One juror, Elaine Pollack, known as "Juror no. 11," admitted after the jury that she had kept secret from her family and employer that she was a juror throughout the trial, and her mother did not know at the Thanksgiving dinner that she had been entertaining a Dixon juror. Pollack had also encountered Dixon during the trial when she attended the unveiling of a new flamingo at Cafe Hon, an event at which Dixon was present. Pollack was also one of several jurors who texted each other via Facebook, prompting, in part, Ms. Dixon's post trial motions.

===Return to work while awaiting sentencing===
In the days following the conviction, Dixon returned to her job as mayor. Under the Maryland Constitution, Article XV, section 2, an elected official of Maryland or any incorporated municipality in the state of Maryland is suspended from office once convicted of a felony or misdemeanor relating to his or her duties and responsibilities. Although a jury had found Dixon guilty on one misdemeanor count, she was not formally convicted until sentenced by the presiding judge, thus allowing her to remain in office.

Former Baltimore mayor Kurt L. Schmoke stated that Dixon owed her constituents an apology.

==Resignation==
On January 6, 2010, as part of a plea agreement reached with prosecutors, Dixon announced that she was resigning as Mayor, effective February 4, 2010. Per the Baltimore city charter, City Council President Stephanie Rawlings-Blake succeeded her. Under the terms of the agreement Dixon will get probation before judgment (PBJ) in the recent case where she had been found guilty, as well as in a perjury trial that had been scheduled for March, 2010. Under the Criminal Procedure Article, sec. 6-220 of the Annotated Code of Maryland, a PBJ is not a conviction, thereby enabling her to keep her $83,000 pension. Also, under Maryland law, a PBJ may be expunged from one's record once the probationary period is over.

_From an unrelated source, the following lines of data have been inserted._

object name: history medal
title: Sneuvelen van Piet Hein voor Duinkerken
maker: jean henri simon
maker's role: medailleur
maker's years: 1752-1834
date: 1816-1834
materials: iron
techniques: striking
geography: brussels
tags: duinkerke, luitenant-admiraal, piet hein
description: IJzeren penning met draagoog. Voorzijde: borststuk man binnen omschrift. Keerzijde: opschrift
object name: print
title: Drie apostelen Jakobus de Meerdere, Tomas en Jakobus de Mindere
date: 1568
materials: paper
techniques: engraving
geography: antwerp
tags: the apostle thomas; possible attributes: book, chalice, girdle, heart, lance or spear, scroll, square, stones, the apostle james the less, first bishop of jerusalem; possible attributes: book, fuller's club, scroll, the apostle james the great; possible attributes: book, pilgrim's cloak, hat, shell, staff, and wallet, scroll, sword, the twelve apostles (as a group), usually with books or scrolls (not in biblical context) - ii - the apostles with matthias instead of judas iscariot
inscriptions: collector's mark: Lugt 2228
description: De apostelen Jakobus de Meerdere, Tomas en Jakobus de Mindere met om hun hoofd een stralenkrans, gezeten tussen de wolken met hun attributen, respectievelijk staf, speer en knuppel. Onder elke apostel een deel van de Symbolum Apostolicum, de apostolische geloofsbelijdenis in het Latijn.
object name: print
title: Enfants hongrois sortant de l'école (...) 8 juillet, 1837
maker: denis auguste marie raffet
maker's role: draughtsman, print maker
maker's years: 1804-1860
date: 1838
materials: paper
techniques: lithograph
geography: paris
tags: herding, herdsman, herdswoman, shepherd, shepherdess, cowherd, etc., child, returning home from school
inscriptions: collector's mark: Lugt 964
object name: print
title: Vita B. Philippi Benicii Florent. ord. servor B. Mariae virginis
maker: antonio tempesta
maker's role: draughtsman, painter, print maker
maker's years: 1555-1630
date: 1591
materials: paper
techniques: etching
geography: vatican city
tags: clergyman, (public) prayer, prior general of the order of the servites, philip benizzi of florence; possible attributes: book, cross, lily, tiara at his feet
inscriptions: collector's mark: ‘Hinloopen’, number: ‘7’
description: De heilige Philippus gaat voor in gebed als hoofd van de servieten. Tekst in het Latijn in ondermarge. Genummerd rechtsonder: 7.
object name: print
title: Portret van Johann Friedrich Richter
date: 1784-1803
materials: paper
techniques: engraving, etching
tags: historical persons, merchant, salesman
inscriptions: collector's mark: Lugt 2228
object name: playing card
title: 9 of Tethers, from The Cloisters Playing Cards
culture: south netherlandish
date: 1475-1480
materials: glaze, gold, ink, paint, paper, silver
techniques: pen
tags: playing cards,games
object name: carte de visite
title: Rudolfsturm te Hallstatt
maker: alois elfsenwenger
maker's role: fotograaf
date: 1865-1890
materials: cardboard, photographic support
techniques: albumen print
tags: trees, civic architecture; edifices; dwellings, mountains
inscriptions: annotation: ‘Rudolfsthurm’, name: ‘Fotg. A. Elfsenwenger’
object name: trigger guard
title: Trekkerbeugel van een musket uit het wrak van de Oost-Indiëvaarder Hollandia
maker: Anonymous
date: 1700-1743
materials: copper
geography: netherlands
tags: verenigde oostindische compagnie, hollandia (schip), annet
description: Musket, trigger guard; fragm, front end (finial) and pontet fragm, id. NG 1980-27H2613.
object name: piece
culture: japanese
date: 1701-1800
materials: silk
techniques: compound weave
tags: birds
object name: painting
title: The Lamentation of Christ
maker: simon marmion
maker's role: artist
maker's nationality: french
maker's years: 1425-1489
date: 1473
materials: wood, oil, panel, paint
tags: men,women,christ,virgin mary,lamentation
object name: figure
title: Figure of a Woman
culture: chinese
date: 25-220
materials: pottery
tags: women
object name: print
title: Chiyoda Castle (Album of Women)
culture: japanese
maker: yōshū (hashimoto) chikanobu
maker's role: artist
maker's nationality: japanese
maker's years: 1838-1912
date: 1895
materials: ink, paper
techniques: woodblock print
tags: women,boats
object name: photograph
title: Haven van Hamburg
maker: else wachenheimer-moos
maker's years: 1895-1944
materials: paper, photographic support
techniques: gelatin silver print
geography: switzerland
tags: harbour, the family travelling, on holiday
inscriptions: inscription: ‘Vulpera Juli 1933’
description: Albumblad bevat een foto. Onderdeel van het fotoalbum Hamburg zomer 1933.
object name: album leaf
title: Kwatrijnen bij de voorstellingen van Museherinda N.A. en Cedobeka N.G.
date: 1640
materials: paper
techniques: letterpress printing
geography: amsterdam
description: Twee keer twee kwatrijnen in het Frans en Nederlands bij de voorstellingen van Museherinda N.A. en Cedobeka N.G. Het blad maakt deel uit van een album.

Dixon was sentenced to four years of probation under the terms of the agreement. She also will be required to donate $45,000 to the Bea Gaddy Foundation and to serve 500 hours of community service at Our Daily Bread. In addition, she has agreed to sell gifts she received from developers, including a fur coat and electronics that she purchased with gift cards. She agreed to not seek office in the city of Baltimore or state of Maryland during the term of her probation and she will not solicit or accept taxpayer money to pay her defense fees.

==Subsequent charges==
In November 2012, Dixon was charged with violating the terms of her probation, for failure to make restitution payments to charity on schedule.
Dixon, however, made her full payments to charity and her probation was lifted after December 2012.